Material for this task

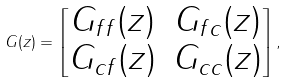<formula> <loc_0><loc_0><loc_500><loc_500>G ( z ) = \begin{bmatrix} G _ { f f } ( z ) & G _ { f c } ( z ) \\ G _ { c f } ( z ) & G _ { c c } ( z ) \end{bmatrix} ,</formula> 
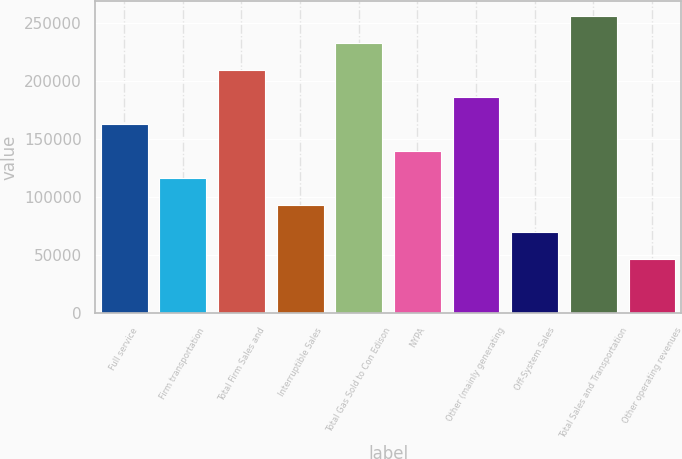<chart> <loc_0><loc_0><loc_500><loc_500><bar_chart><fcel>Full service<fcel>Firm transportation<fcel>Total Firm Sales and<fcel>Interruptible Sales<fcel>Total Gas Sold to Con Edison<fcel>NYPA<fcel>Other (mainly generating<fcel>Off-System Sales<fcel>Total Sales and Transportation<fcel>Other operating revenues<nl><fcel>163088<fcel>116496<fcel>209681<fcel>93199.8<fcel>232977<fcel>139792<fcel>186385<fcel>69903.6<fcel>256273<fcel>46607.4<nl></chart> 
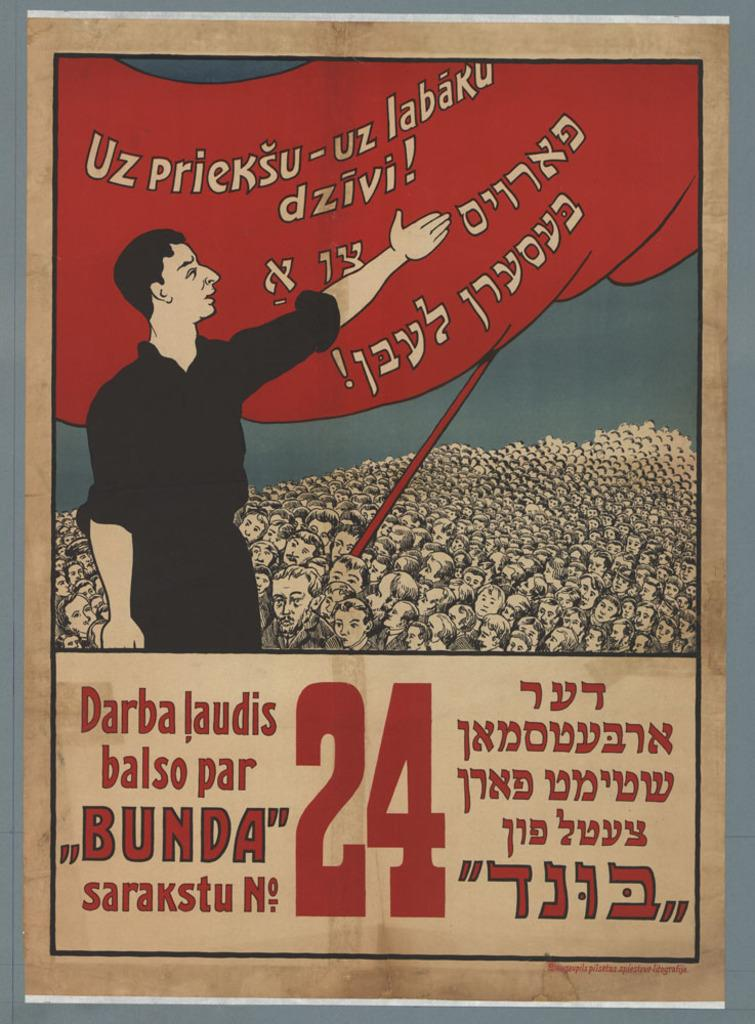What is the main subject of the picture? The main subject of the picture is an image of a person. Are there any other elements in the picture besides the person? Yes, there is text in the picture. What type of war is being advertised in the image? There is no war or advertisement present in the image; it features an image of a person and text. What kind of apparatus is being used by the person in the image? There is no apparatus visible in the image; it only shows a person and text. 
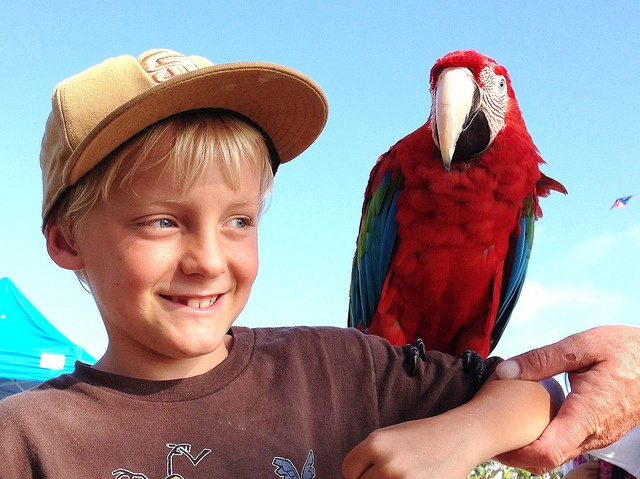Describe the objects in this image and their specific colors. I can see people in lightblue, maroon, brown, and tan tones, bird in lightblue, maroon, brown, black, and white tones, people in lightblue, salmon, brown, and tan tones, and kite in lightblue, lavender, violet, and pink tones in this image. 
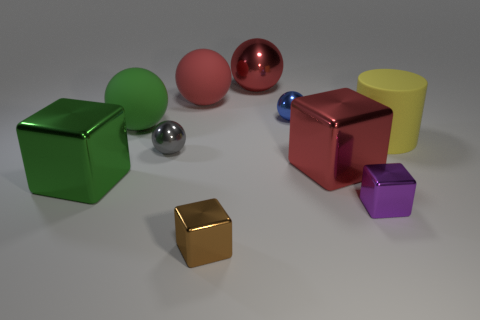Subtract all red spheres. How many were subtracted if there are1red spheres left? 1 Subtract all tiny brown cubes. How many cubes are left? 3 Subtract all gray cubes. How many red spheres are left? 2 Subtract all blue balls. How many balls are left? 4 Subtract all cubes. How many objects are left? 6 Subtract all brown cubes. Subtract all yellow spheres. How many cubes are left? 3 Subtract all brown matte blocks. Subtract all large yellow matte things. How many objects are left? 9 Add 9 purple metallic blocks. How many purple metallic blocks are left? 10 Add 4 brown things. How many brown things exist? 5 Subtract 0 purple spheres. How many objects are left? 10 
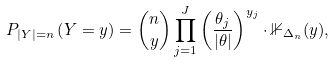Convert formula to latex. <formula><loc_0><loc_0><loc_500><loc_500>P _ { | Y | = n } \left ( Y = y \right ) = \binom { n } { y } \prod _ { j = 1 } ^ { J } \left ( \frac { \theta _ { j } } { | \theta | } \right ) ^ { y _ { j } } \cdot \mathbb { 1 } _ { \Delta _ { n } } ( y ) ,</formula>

Exercise instructions
Leaving out the images, repeat the listing above exactly.

Response
<formula> <loc_0><loc_0><loc_500><loc_500>G ( z ) = \begin{bmatrix} G _ { f f } ( z ) & G _ { f c } ( z ) \\ G _ { c f } ( z ) & G _ { c c } ( z ) \end{bmatrix} ,</formula> 
<chart> <loc_0><loc_0><loc_500><loc_500><bar_chart><fcel>Full service<fcel>Firm transportation<fcel>Total Firm Sales and<fcel>Interruptible Sales<fcel>Total Gas Sold to Con Edison<fcel>NYPA<fcel>Other (mainly generating<fcel>Off-System Sales<fcel>Total Sales and Transportation<fcel>Other operating revenues<nl><fcel>163088<fcel>116496<fcel>209681<fcel>93199.8<fcel>232977<fcel>139792<fcel>186385<fcel>69903.6<fcel>256273<fcel>46607.4<nl></chart> 
What is the main subject of the picture? The main subject of the picture is an image of a person. Are there any other elements in the picture besides the person? Yes, there is text in the picture. What type of war is being advertised in the image? There is no war or advertisement present in the image; it features an image of a person and text. What kind of apparatus is being used by the person in the image? There is no apparatus visible in the image; it only shows a person and text. 
Describe the objects in this image and their specific colors. I can see people in lightblue, maroon, brown, and tan tones, bird in lightblue, maroon, brown, black, and white tones, people in lightblue, salmon, brown, and tan tones, and kite in lightblue, lavender, violet, and pink tones in this image. 
Subtract all red spheres. How many were subtracted if there are1red spheres left? 1 Subtract all tiny brown cubes. How many cubes are left? 3 Subtract all gray cubes. How many red spheres are left? 2 Subtract all blue balls. How many balls are left? 4 Subtract all cubes. How many objects are left? 6 Subtract all brown cubes. Subtract all yellow spheres. How many cubes are left? 3 Subtract all brown matte blocks. Subtract all large yellow matte things. How many objects are left? 9 Add 9 purple metallic blocks. How many purple metallic blocks are left? 10 Add 4 brown things. How many brown things exist? 5 Subtract 0 purple spheres. How many objects are left? 10 
Convert formula to latex. <formula><loc_0><loc_0><loc_500><loc_500>P _ { | Y | = n } \left ( Y = y \right ) = \binom { n } { y } \prod _ { j = 1 } ^ { J } \left ( \frac { \theta _ { j } } { | \theta | } \right ) ^ { y _ { j } } \cdot \mathbb { 1 } _ { \Delta _ { n } } ( y ) ,</formula>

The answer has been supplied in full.